I think all things considered, we love our Prius. We purchased a new one in June 2007. It was a pretty standard version, without built in GPS or anything fancy. It is our everyday car & we are kind of a 1 car family right now. (I have my 12 year old Jeep Wrangler but DH can't drive a stick, it's a gas guzzler & not easy at all with the kids.) DD1 was born in September 2007. With one child in a Britax Blvd, we never had any limitations on where we could go & what we could fit/bring along. We did a week at the beach in 2008 & fit luggage, cooler, baby seat, exersaucer, beach chairs & everything else we needed.

DD2 was born in Feb 2010. With 2 Britax seats (or even when we switch seats & are 1 Britax & 1 CA), doing a trip that involves luggage, cooler & lots of gear is tough. But we are also income challenged right now, so big trips aren't happening anyway. I have read on the Prius chat forums that folks have used roof racks for trips & not impacted their overall mpg's too much. So that is always an option.

Once kids are in boosters, I would imagine the backseat opens back up a bunch. And like I said, we are using bigger car seats. Absolutely no one could fit in our backseat with the seats we have. You can find lots of references online for fitting 3 across the backseat of a Prius. It always involves at least 1 Radian carseat of course.

The Prius has a HUGE hatch back which I ADORE much more than a standard trunk. I have seen my friends trying to pull stuff out of a deep set trunk & it looks like it sucks. With the Prius, I just slide things out. It also makes an awesome on the go changing station since it's flat. There are lots of storage places in the car-within the hatch back, multiple glove compartments, big front door open storage. At times, I had a snap & go, a maclaren quest & a double baby jogger in the hatchback & could still pile my groceries in there.

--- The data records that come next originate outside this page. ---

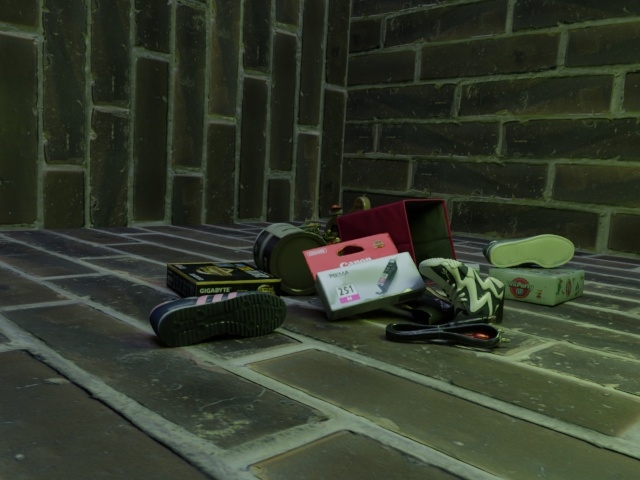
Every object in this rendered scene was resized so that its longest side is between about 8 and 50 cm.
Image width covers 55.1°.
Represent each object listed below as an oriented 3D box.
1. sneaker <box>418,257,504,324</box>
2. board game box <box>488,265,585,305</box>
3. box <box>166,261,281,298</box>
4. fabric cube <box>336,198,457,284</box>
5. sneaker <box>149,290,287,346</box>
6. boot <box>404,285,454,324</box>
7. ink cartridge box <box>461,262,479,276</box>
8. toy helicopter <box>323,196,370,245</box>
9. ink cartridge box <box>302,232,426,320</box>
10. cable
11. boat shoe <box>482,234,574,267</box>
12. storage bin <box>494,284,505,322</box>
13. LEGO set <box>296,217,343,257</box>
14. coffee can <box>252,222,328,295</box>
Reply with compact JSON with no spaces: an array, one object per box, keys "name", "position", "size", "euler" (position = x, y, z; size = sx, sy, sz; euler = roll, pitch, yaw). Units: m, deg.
[{"name":"sneaker","position":[0.355,0.148,1.590],"size":[0.235,0.152,0.094],"euler":[24,-27,-13]},{"name":"board game box","position":[0.734,0.141,2.082],"size":[0.224,0.097,0.304],"euler":[7,7,39]},{"name":"box","position":[-0.298,0.126,1.852],"size":[0.257,0.079,0.322],"euler":[1,7,-28]},{"name":"fabric cube","position":[0.243,0.021,1.931],"size":[0.258,0.258,0.254],"euler":[-14,-5,38]},{"name":"sneaker","position":[-0.235,0.162,1.414],"size":[0.319,0.112,0.131],"euler":[0,10,-34]},{"name":"boot","position":[0.270,0.178,1.687],"size":[0.137,0.076,0.198],"euler":[-10,12,-41]},{"name":"ink cartridge box","position":[0.535,0.113,2.412],"size":[0.171,0.056,0.235],"euler":[4,9,13]},{"name":"toy helicopter","position":[0.108,-0.082,2.608],"size":[0.140,0.234,0.355],"euler":[-1,-31,-30]},{"name":"ink cartridge box","position":[0.115,0.078,1.680],"size":[0.275,0.060,0.238],"euler":[-12,56,-16]},{"name":"cable","position":[0.303,0.229,1.444],"size":[0.288,0.072,0.139],"euler":[-10,25,-3]},{"name":"boat shoe","position":[0.711,0.033,2.109],"size":[0.320,0.116,0.099],"euler":[-4,11,-12]},{"name":"storage bin","position":[0.461,0.171,1.753],"size":[0.122,0.084,0.180],"euler":[5,8,17]},{"name":"LEGO set","position":[0.000,0.000,2.370],"size":[0.255,0.191,0.331],"euler":[-9,5,23]},{"name":"coffee can","position":[-0.097,0.055,2.000],"size":[0.202,0.201,0.275],"euler":[1,7,-17]}]
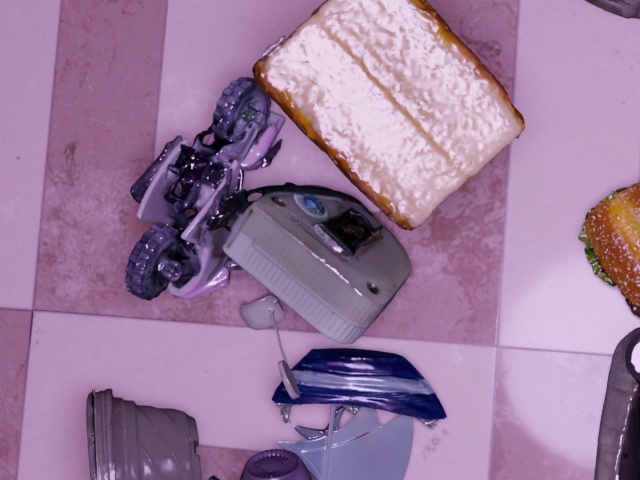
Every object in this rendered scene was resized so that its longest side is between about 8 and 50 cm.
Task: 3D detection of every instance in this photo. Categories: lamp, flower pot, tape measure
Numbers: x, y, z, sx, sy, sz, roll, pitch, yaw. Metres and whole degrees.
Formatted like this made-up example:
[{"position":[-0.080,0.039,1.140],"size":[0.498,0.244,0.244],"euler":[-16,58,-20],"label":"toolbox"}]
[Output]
[{"position":[-0.064,0.141,1.483],"size":[0.056,0.198,0.050],"euler":[-24,120,3],"label":"lamp"},{"position":[-0.227,0.302,1.499],"size":[0.141,0.235,0.235],"euler":[-3,84,-8],"label":"flower pot"},{"position":[0.000,0.000,1.455],"size":[0.235,0.207,0.115],"euler":[39,121,5],"label":"tape measure"}]

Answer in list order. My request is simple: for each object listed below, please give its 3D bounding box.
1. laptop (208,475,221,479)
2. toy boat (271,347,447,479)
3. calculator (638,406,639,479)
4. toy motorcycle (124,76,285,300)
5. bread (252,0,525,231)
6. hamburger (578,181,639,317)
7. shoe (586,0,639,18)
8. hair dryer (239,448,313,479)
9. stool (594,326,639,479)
[{"position":[-0.148,0.427,1.554],"size":[0.129,0.016,0.180],"euler":[36,95,15],"label":"laptop"},{"position":[0.021,0.267,1.491],"size":[0.210,0.070,0.291],"euler":[29,99,2],"label":"toy boat"},{"position":[0.456,0.282,1.163],"size":[0.274,0.058,0.248],"euler":[4,86,16],"label":"calculator"},{"position":[-0.146,-0.053,1.533],"size":[0.143,0.188,0.327],"euler":[23,76,25],"label":"toy motorcycle"},{"position":[0.075,-0.178,1.389],"size":[0.279,0.279,0.207],"euler":[44,93,-5],"label":"bread"},{"position":[0.396,0.010,1.406],"size":[0.137,0.087,0.165],"euler":[-31,70,18],"label":"hamburger"},{"position":[0.433,-0.378,1.428],"size":[0.342,0.132,0.210],"euler":[29,88,11],"label":"shoe"},{"position":[0.073,0.399,1.442],"size":[0.361,0.121,0.301],"euler":[-5,110,0],"label":"hair dryer"},{"position":[0.469,0.259,1.305],"size":[0.311,0.226,0.310],"euler":[6,88,16],"label":"stool"}]

It handles decent in the winter but of course nothing spectacular. But we've never been stuck. Last year when we finally had to do new tires we went with an all season tire I read about on the Prius Chat forum. You want to make sure you are putting tires on it that will support your fuel efficiency pursuit. We avg 43 mpg but we also do tons of highway driving right now. That will change for good in a couple weeks when we move to a very rural area where I grew up. (Hybrids are opposite of a reg vehicle and are more efficient at lower speeds)

When things were better financially a little over a year ago, we almost traded it in for a used Honda Odyssey. We had the paperwork in front of us & were ready to go, but then they wanted to cut the trade in value for some scratches on the bumper...we looked at our Prius out in the lot & looked at eachother & had a total change of heart/mind. It's a great vehicle & with creative packing, can hold a ton.


----------



## ellairiesmom (Mar 20, 2008)

I forgot to address the dog fitting...with one car seat, you can fit your dog fine in the backseat. Unless you do 2 Radians once you have another lo, I don't think there is a chance for a dog to fit comfortably. I am not even 100% sure how a medium size dog would fit with 2 Radians but I think that would be your only chance.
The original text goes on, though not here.